Items listed in a dataset
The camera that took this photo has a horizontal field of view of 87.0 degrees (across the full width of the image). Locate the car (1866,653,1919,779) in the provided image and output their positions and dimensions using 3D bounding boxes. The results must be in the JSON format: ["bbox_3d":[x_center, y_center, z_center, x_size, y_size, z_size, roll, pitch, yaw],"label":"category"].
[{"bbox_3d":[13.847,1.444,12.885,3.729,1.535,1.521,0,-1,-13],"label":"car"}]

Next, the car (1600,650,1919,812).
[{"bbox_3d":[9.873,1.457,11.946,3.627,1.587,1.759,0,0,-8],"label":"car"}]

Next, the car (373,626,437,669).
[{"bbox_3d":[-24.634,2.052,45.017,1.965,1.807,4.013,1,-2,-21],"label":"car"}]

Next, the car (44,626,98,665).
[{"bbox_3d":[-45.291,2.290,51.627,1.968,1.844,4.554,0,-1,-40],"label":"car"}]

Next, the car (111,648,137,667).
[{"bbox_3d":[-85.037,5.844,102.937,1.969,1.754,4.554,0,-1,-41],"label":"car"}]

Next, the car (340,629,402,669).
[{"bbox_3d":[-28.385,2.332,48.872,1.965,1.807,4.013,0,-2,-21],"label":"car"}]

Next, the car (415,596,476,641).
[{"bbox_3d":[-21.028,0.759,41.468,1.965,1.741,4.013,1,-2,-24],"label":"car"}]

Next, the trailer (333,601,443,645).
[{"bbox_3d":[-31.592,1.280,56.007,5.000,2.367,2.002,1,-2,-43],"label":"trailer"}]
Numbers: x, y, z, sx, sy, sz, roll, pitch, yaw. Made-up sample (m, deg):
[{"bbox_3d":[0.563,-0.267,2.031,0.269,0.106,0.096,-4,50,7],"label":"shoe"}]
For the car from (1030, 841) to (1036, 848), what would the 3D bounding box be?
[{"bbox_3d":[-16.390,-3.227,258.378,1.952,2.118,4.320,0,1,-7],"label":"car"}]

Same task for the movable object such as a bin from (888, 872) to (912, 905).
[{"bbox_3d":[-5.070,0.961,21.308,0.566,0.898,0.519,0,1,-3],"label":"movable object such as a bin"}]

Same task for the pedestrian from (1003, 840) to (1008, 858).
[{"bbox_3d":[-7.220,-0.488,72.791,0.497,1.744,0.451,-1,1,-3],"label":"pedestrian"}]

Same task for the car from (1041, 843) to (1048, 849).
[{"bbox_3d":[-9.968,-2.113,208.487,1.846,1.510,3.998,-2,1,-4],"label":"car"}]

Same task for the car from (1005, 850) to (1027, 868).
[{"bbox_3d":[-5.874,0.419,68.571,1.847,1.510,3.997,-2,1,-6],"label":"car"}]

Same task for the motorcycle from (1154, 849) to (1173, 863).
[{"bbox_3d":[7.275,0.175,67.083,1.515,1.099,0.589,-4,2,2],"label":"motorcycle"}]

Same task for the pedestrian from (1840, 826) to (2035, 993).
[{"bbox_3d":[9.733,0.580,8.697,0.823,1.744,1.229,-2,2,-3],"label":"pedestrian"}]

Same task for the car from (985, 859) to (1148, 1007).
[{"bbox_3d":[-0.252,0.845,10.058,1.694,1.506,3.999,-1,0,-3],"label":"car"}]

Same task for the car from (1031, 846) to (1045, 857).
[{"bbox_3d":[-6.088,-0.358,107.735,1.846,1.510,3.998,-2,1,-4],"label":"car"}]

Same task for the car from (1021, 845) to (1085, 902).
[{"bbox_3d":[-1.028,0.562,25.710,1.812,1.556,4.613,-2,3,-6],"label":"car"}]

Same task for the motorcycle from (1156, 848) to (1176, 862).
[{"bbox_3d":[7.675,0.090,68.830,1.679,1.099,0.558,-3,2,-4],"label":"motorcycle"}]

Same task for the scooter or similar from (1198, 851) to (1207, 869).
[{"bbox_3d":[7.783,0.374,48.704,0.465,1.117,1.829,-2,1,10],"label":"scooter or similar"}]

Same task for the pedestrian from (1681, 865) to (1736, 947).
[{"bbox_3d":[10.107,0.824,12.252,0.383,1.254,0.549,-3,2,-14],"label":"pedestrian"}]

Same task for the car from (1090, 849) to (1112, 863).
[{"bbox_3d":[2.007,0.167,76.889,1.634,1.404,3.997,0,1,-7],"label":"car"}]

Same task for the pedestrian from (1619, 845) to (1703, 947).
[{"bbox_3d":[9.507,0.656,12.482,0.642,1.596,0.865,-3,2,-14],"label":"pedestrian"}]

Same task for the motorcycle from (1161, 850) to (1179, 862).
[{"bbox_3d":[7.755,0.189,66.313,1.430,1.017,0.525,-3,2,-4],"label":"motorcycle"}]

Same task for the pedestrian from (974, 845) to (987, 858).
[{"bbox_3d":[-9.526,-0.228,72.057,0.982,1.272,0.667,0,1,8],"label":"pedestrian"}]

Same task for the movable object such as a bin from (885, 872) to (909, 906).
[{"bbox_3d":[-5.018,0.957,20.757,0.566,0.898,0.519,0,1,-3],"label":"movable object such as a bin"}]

§ What you have to do: All of the entries above are to be printed again exactly.

§ Your solution:
The camera that took this photo has a horizontal field of view of 87.0 degrees (across the full width of the image). Locate the car (1866,653,1919,779) in the provided image and output their positions and dimensions using 3D bounding boxes. The results must be in the JSON format: ["bbox_3d":[x_center, y_center, z_center, x_size, y_size, z_size, roll, pitch, yaw],"label":"category"].
[{"bbox_3d":[13.847,1.444,12.885,3.729,1.535,1.521,0,-1,-13],"label":"car"}]

Next, the car (1600,650,1919,812).
[{"bbox_3d":[9.873,1.457,11.946,3.627,1.587,1.759,0,0,-8],"label":"car"}]

Next, the car (373,626,437,669).
[{"bbox_3d":[-24.634,2.052,45.017,1.965,1.807,4.013,1,-2,-21],"label":"car"}]

Next, the car (44,626,98,665).
[{"bbox_3d":[-45.291,2.290,51.627,1.968,1.844,4.554,0,-1,-40],"label":"car"}]

Next, the car (111,648,137,667).
[{"bbox_3d":[-85.037,5.844,102.937,1.969,1.754,4.554,0,-1,-41],"label":"car"}]

Next, the car (340,629,402,669).
[{"bbox_3d":[-28.385,2.332,48.872,1.965,1.807,4.013,0,-2,-21],"label":"car"}]

Next, the car (415,596,476,641).
[{"bbox_3d":[-21.028,0.759,41.468,1.965,1.741,4.013,1,-2,-24],"label":"car"}]

Next, the trailer (333,601,443,645).
[{"bbox_3d":[-31.592,1.280,56.007,5.000,2.367,2.002,1,-2,-43],"label":"trailer"}]
Numbers: x, y, z, sx, sy, sz, roll, pitch, yaw. Made-up sample (m, deg):
[{"bbox_3d":[0.563,-0.267,2.031,0.269,0.106,0.096,-4,50,7],"label":"shoe"}]
For the car from (1030, 841) to (1036, 848), what would the 3D bounding box be?
[{"bbox_3d":[-16.390,-3.227,258.378,1.952,2.118,4.320,0,1,-7],"label":"car"}]

Same task for the movable object such as a bin from (888, 872) to (912, 905).
[{"bbox_3d":[-5.070,0.961,21.308,0.566,0.898,0.519,0,1,-3],"label":"movable object such as a bin"}]

Same task for the pedestrian from (1003, 840) to (1008, 858).
[{"bbox_3d":[-7.220,-0.488,72.791,0.497,1.744,0.451,-1,1,-3],"label":"pedestrian"}]

Same task for the car from (1041, 843) to (1048, 849).
[{"bbox_3d":[-9.968,-2.113,208.487,1.846,1.510,3.998,-2,1,-4],"label":"car"}]

Same task for the car from (1005, 850) to (1027, 868).
[{"bbox_3d":[-5.874,0.419,68.571,1.847,1.510,3.997,-2,1,-6],"label":"car"}]

Same task for the motorcycle from (1154, 849) to (1173, 863).
[{"bbox_3d":[7.275,0.175,67.083,1.515,1.099,0.589,-4,2,2],"label":"motorcycle"}]

Same task for the pedestrian from (1840, 826) to (2035, 993).
[{"bbox_3d":[9.733,0.580,8.697,0.823,1.744,1.229,-2,2,-3],"label":"pedestrian"}]

Same task for the car from (985, 859) to (1148, 1007).
[{"bbox_3d":[-0.252,0.845,10.058,1.694,1.506,3.999,-1,0,-3],"label":"car"}]

Same task for the car from (1031, 846) to (1045, 857).
[{"bbox_3d":[-6.088,-0.358,107.735,1.846,1.510,3.998,-2,1,-4],"label":"car"}]

Same task for the car from (1021, 845) to (1085, 902).
[{"bbox_3d":[-1.028,0.562,25.710,1.812,1.556,4.613,-2,3,-6],"label":"car"}]

Same task for the motorcycle from (1156, 848) to (1176, 862).
[{"bbox_3d":[7.675,0.090,68.830,1.679,1.099,0.558,-3,2,-4],"label":"motorcycle"}]

Same task for the scooter or similar from (1198, 851) to (1207, 869).
[{"bbox_3d":[7.783,0.374,48.704,0.465,1.117,1.829,-2,1,10],"label":"scooter or similar"}]

Same task for the pedestrian from (1681, 865) to (1736, 947).
[{"bbox_3d":[10.107,0.824,12.252,0.383,1.254,0.549,-3,2,-14],"label":"pedestrian"}]

Same task for the car from (1090, 849) to (1112, 863).
[{"bbox_3d":[2.007,0.167,76.889,1.634,1.404,3.997,0,1,-7],"label":"car"}]

Same task for the pedestrian from (1619, 845) to (1703, 947).
[{"bbox_3d":[9.507,0.656,12.482,0.642,1.596,0.865,-3,2,-14],"label":"pedestrian"}]

Same task for the motorcycle from (1161, 850) to (1179, 862).
[{"bbox_3d":[7.755,0.189,66.313,1.430,1.017,0.525,-3,2,-4],"label":"motorcycle"}]

Same task for the pedestrian from (974, 845) to (987, 858).
[{"bbox_3d":[-9.526,-0.228,72.057,0.982,1.272,0.667,0,1,8],"label":"pedestrian"}]

Same task for the movable object such as a bin from (885, 872) to (909, 906).
[{"bbox_3d":[-5.018,0.957,20.757,0.566,0.898,0.519,0,1,-3],"label":"movable object such as a bin"}]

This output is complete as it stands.